CTCA argues that "[m]erely contacting expert witnesses, by itself, should not be sufficient to avoid dismissal for failure to prosecute." If Lane's counsel's efforts during this eleven month period consisted only of a few phone calls, I would accept CTCA's argument. I am satisfied, however, that this is not a case where there were only a few incidental or half-hearted conversations with potential experts. His counsel first had to deal with the previously selected valuation firm and then had to launch a search for a new expert. Because of the nature of the dispute, the selection of a valuation expert is particularly important. While Lane's conduct throughout this litigation must be considered and has been considered, the reinstatement of this action in March of last year must be given some independent significance. In that light and under these unusual circumstances, Lane's efforts during the eleven months preceding his initiation of the trial scheduling process, even when assessed in the context of his delay before March, 1999, are sufficient to avoid dismissal.

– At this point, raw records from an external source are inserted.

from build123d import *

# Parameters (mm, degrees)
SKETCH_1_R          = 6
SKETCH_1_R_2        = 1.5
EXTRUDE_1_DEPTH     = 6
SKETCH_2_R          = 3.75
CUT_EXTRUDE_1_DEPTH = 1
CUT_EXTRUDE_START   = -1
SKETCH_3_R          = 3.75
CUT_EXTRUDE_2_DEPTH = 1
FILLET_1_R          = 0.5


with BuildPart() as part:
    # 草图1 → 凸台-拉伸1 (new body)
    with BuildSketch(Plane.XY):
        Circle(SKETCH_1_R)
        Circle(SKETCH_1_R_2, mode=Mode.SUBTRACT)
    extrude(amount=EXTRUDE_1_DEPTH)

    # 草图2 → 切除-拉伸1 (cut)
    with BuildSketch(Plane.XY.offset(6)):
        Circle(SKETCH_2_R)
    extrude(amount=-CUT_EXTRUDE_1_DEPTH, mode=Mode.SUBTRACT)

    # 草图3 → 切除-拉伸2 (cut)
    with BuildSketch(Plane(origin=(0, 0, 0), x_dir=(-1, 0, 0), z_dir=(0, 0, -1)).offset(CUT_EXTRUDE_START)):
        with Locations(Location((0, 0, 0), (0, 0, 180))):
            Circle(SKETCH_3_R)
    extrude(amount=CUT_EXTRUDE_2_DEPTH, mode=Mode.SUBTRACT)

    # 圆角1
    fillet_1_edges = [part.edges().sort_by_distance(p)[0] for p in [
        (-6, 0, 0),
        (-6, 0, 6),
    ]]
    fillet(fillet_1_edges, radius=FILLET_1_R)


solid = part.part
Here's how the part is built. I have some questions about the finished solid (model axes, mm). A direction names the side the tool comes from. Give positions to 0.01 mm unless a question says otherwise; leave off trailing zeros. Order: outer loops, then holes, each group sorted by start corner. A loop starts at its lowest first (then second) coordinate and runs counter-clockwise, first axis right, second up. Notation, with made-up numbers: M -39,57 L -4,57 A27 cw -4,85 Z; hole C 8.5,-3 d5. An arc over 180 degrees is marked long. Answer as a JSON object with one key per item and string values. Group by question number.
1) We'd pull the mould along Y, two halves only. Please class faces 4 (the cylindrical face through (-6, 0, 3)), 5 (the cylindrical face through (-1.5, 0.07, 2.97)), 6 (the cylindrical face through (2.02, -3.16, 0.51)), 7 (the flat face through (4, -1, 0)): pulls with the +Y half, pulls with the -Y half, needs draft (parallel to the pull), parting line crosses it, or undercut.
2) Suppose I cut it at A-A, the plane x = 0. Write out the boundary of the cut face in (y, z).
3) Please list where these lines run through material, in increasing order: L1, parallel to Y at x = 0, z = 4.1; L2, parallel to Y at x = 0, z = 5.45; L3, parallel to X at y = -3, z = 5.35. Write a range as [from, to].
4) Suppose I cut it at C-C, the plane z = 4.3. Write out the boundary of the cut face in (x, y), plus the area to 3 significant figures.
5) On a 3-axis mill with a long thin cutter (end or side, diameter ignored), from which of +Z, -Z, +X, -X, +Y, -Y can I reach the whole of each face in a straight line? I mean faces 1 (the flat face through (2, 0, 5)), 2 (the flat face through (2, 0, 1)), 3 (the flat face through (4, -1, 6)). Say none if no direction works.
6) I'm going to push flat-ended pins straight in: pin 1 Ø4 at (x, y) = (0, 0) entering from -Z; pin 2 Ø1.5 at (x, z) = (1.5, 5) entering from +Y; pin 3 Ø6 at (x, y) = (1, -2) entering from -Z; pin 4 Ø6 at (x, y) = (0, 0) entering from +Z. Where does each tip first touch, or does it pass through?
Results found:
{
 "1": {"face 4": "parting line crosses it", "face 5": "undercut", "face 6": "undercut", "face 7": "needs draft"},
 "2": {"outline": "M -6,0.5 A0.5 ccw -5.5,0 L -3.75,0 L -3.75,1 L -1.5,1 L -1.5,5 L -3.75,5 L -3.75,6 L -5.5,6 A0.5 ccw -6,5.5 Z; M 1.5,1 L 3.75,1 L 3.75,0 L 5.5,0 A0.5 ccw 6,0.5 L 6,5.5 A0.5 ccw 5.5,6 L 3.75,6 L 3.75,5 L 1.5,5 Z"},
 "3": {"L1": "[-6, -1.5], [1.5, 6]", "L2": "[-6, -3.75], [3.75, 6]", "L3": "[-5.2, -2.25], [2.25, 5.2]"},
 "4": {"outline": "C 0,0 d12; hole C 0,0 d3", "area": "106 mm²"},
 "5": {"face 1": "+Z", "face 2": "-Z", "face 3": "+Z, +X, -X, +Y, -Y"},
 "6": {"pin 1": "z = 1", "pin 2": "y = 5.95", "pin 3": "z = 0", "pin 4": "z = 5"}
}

Respondent Cancer Treatment Centers of America, Inc.'s Reply in Support of its Motion to Dismiss for Failure to Prosecute at 2.
In short, even though this matter has dragged on far too long, I conclude that the proper approach to management of this case is not to dismiss it, but instead to enter and to enforce a scheduling order setting a prompt trial date.
For the foregoing reasons, CTCA's Second Motion to Dismiss for Failure to Prosecute is denied.
My disposition of CTCA's motion to dismiss for failure to prosecute does not preclude CTCA from arguing that Lane's past conduct is an appropriate factor to consider in determining whether expert reports should be filed simultaneously, an issue which the parties are currently addressing.